● **Source data**:
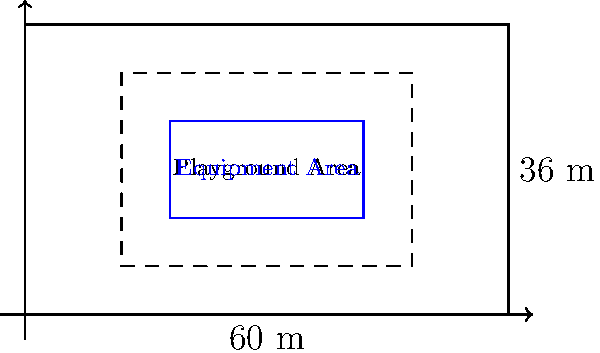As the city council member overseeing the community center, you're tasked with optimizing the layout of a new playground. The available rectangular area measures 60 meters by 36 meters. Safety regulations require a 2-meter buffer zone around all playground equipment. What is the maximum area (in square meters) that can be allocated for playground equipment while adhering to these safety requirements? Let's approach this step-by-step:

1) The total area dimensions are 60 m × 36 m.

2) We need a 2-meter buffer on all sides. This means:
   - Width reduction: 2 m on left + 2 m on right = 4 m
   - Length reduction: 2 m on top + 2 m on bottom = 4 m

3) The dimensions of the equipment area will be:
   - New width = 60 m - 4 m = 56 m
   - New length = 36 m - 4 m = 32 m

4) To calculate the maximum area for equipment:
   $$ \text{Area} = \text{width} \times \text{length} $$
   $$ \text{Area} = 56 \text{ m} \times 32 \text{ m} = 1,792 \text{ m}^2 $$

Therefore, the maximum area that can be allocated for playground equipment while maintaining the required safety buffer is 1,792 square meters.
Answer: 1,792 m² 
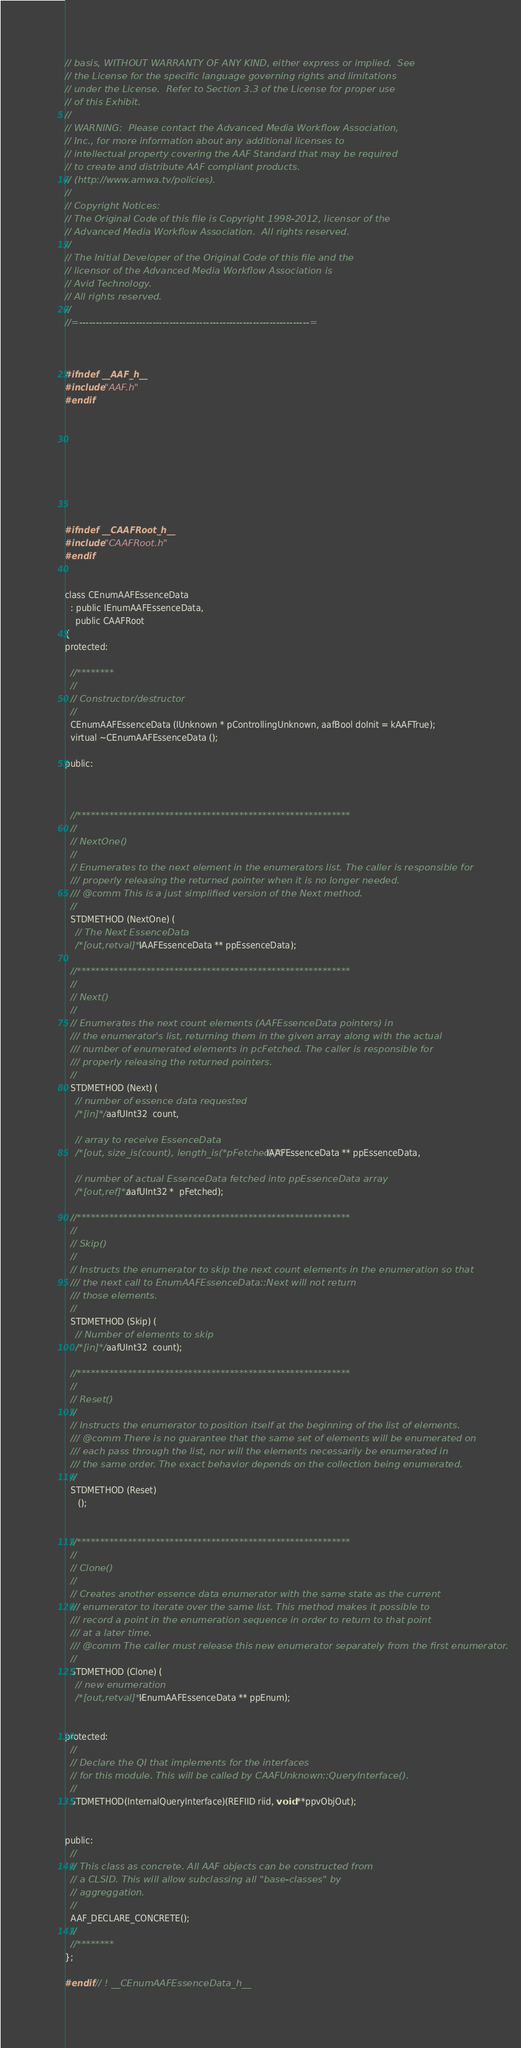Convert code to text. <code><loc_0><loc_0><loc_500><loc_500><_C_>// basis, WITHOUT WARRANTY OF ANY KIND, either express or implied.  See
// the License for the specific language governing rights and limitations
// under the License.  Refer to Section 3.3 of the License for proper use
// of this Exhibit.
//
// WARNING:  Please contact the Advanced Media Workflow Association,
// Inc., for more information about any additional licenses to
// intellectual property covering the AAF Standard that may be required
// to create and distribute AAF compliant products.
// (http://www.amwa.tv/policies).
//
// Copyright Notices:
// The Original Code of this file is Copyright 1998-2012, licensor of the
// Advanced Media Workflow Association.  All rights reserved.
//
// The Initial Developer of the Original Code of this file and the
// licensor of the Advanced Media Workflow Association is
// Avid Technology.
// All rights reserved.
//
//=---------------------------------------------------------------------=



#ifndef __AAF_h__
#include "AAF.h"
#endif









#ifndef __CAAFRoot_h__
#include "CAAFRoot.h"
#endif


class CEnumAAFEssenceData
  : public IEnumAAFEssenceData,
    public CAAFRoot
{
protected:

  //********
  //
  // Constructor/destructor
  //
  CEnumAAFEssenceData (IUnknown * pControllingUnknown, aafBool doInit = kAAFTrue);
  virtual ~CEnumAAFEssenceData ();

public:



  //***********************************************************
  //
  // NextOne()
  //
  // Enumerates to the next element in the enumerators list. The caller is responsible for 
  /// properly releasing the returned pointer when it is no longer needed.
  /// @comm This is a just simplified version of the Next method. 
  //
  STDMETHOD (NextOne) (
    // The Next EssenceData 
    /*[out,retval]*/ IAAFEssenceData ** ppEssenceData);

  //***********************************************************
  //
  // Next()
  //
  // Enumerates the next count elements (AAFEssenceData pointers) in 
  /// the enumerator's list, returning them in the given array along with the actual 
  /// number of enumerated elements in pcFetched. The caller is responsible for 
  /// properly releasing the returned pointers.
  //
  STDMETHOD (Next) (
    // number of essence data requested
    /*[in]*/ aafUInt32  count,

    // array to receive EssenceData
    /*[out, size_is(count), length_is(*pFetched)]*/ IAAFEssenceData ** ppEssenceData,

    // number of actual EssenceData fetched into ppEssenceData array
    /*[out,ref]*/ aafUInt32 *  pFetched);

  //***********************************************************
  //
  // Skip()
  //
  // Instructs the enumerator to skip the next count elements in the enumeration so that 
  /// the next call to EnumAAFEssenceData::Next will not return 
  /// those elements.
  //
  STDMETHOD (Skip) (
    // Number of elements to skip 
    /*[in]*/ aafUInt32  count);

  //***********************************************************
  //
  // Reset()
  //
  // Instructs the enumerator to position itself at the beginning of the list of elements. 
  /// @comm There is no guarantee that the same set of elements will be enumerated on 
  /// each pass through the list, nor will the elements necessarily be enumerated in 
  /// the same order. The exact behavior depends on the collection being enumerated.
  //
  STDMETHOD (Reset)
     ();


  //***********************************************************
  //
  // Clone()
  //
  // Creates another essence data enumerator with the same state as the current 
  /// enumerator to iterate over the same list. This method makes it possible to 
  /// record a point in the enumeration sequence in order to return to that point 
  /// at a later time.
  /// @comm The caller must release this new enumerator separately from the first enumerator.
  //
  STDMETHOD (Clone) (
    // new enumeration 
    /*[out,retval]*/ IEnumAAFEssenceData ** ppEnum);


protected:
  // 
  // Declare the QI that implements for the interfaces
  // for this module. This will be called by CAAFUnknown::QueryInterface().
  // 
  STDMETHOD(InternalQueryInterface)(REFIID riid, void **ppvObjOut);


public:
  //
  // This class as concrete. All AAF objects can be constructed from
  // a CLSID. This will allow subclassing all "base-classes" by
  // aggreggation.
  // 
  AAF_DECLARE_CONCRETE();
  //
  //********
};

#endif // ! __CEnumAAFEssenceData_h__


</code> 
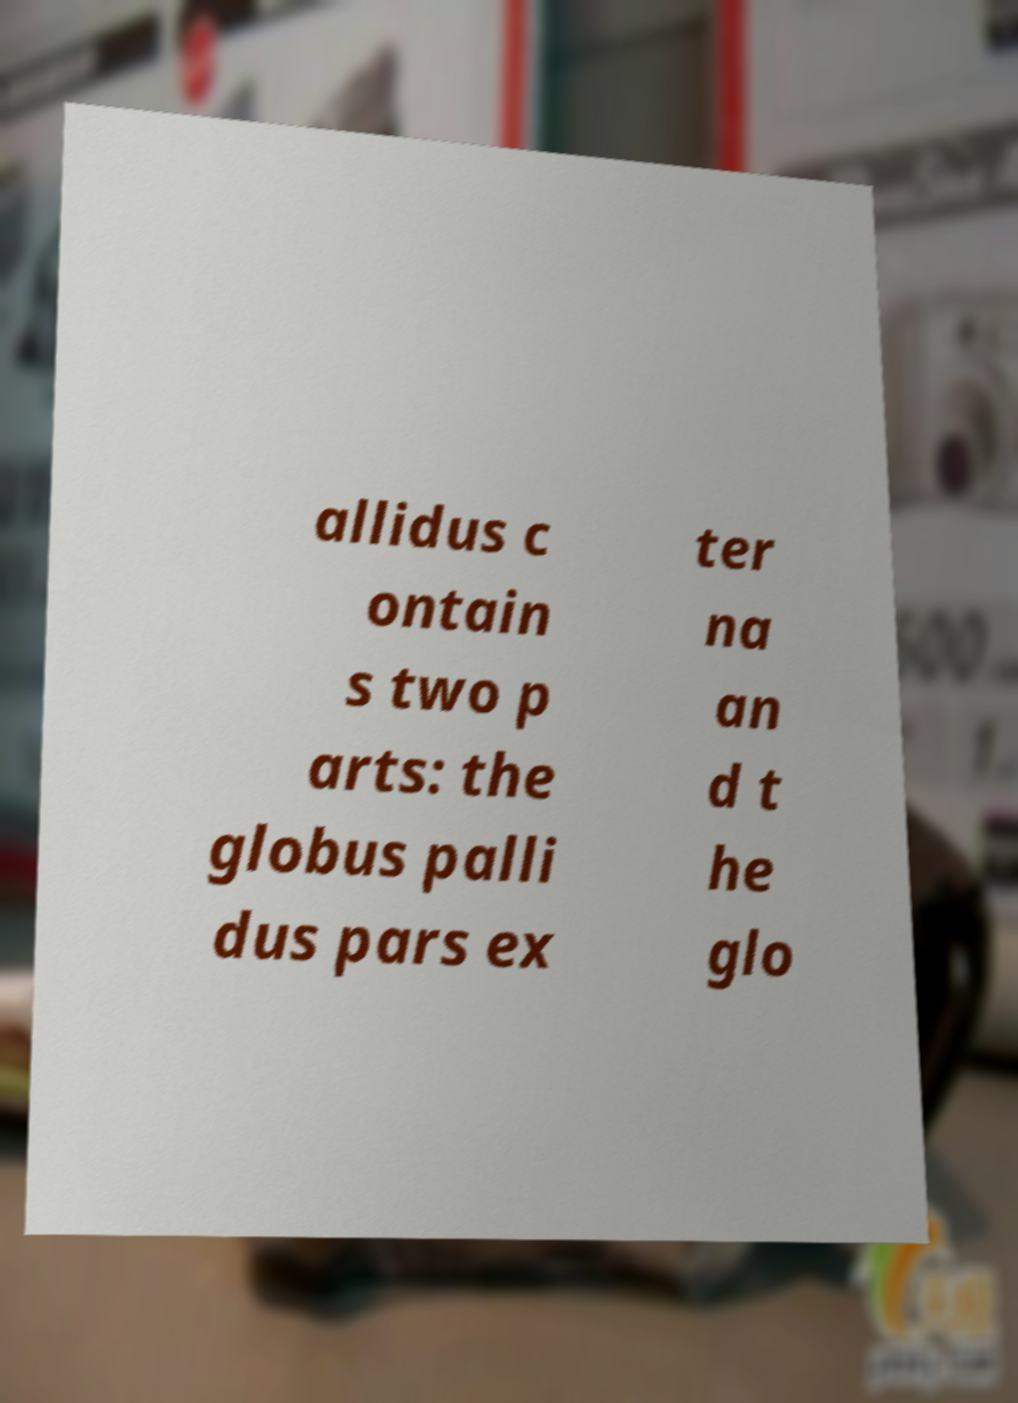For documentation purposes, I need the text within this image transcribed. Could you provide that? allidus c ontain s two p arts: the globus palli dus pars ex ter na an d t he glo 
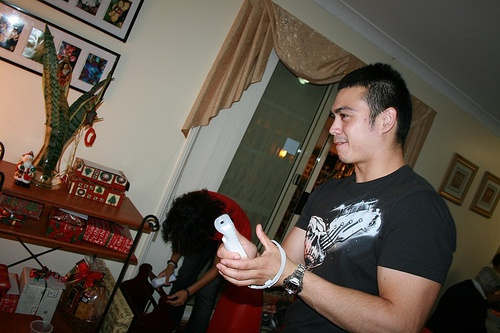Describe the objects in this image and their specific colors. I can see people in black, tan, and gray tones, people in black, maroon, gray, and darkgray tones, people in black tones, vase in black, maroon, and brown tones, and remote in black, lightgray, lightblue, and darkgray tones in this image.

● **Your assignment**: Each entry should be copied exactly as written, though any pictures stay out.

● **Response below**:
As the city council member overseeing the community center, you're tasked with optimizing the layout of a new playground. The available rectangular area measures 60 meters by 36 meters. Safety regulations require a 2-meter buffer zone around all playground equipment. What is the maximum area (in square meters) that can be allocated for playground equipment while adhering to these safety requirements? Let's approach this step-by-step:

1) The total area dimensions are 60 m × 36 m.

2) We need a 2-meter buffer on all sides. This means:
   - Width reduction: 2 m on left + 2 m on right = 4 m
   - Length reduction: 2 m on top + 2 m on bottom = 4 m

3) The dimensions of the equipment area will be:
   - New width = 60 m - 4 m = 56 m
   - New length = 36 m - 4 m = 32 m

4) To calculate the maximum area for equipment:
   $$ \text{Area} = \text{width} \times \text{length} $$
   $$ \text{Area} = 56 \text{ m} \times 32 \text{ m} = 1,792 \text{ m}^2 $$

Therefore, the maximum area that can be allocated for playground equipment while maintaining the required safety buffer is 1,792 square meters.
Answer: 1,792 m² 
Convert code to text. <code><loc_0><loc_0><loc_500><loc_500><_C_>// basis, WITHOUT WARRANTY OF ANY KIND, either express or implied.  See
// the License for the specific language governing rights and limitations
// under the License.  Refer to Section 3.3 of the License for proper use
// of this Exhibit.
//
// WARNING:  Please contact the Advanced Media Workflow Association,
// Inc., for more information about any additional licenses to
// intellectual property covering the AAF Standard that may be required
// to create and distribute AAF compliant products.
// (http://www.amwa.tv/policies).
//
// Copyright Notices:
// The Original Code of this file is Copyright 1998-2012, licensor of the
// Advanced Media Workflow Association.  All rights reserved.
//
// The Initial Developer of the Original Code of this file and the
// licensor of the Advanced Media Workflow Association is
// Avid Technology.
// All rights reserved.
//
//=---------------------------------------------------------------------=



#ifndef __AAF_h__
#include "AAF.h"
#endif









#ifndef __CAAFRoot_h__
#include "CAAFRoot.h"
#endif


class CEnumAAFEssenceData
  : public IEnumAAFEssenceData,
    public CAAFRoot
{
protected:

  //********
  //
  // Constructor/destructor
  //
  CEnumAAFEssenceData (IUnknown * pControllingUnknown, aafBool doInit = kAAFTrue);
  virtual ~CEnumAAFEssenceData ();

public:



  //***********************************************************
  //
  // NextOne()
  //
  // Enumerates to the next element in the enumerators list. The caller is responsible for 
  /// properly releasing the returned pointer when it is no longer needed.
  /// @comm This is a just simplified version of the Next method. 
  //
  STDMETHOD (NextOne) (
    // The Next EssenceData 
    /*[out,retval]*/ IAAFEssenceData ** ppEssenceData);

  //***********************************************************
  //
  // Next()
  //
  // Enumerates the next count elements (AAFEssenceData pointers) in 
  /// the enumerator's list, returning them in the given array along with the actual 
  /// number of enumerated elements in pcFetched. The caller is responsible for 
  /// properly releasing the returned pointers.
  //
  STDMETHOD (Next) (
    // number of essence data requested
    /*[in]*/ aafUInt32  count,

    // array to receive EssenceData
    /*[out, size_is(count), length_is(*pFetched)]*/ IAAFEssenceData ** ppEssenceData,

    // number of actual EssenceData fetched into ppEssenceData array
    /*[out,ref]*/ aafUInt32 *  pFetched);

  //***********************************************************
  //
  // Skip()
  //
  // Instructs the enumerator to skip the next count elements in the enumeration so that 
  /// the next call to EnumAAFEssenceData::Next will not return 
  /// those elements.
  //
  STDMETHOD (Skip) (
    // Number of elements to skip 
    /*[in]*/ aafUInt32  count);

  //***********************************************************
  //
  // Reset()
  //
  // Instructs the enumerator to position itself at the beginning of the list of elements. 
  /// @comm There is no guarantee that the same set of elements will be enumerated on 
  /// each pass through the list, nor will the elements necessarily be enumerated in 
  /// the same order. The exact behavior depends on the collection being enumerated.
  //
  STDMETHOD (Reset)
     ();


  //***********************************************************
  //
  // Clone()
  //
  // Creates another essence data enumerator with the same state as the current 
  /// enumerator to iterate over the same list. This method makes it possible to 
  /// record a point in the enumeration sequence in order to return to that point 
  /// at a later time.
  /// @comm The caller must release this new enumerator separately from the first enumerator.
  //
  STDMETHOD (Clone) (
    // new enumeration 
    /*[out,retval]*/ IEnumAAFEssenceData ** ppEnum);


protected:
  // 
  // Declare the QI that implements for the interfaces
  // for this module. This will be called by CAAFUnknown::QueryInterface().
  // 
  STDMETHOD(InternalQueryInterface)(REFIID riid, void **ppvObjOut);


public:
  //
  // This class as concrete. All AAF objects can be constructed from
  // a CLSID. This will allow subclassing all "base-classes" by
  // aggreggation.
  // 
  AAF_DECLARE_CONCRETE();
  //
  //********
};

#endif // ! __CEnumAAFEssenceData_h__


</code> 
For documentation purposes, I need the text within this image transcribed. Could you provide that? allidus c ontain s two p arts: the globus palli dus pars ex ter na an d t he glo 
Describe the objects in this image and their specific colors. I can see people in black, tan, and gray tones, people in black, maroon, gray, and darkgray tones, people in black tones, vase in black, maroon, and brown tones, and remote in black, lightgray, lightblue, and darkgray tones in this image.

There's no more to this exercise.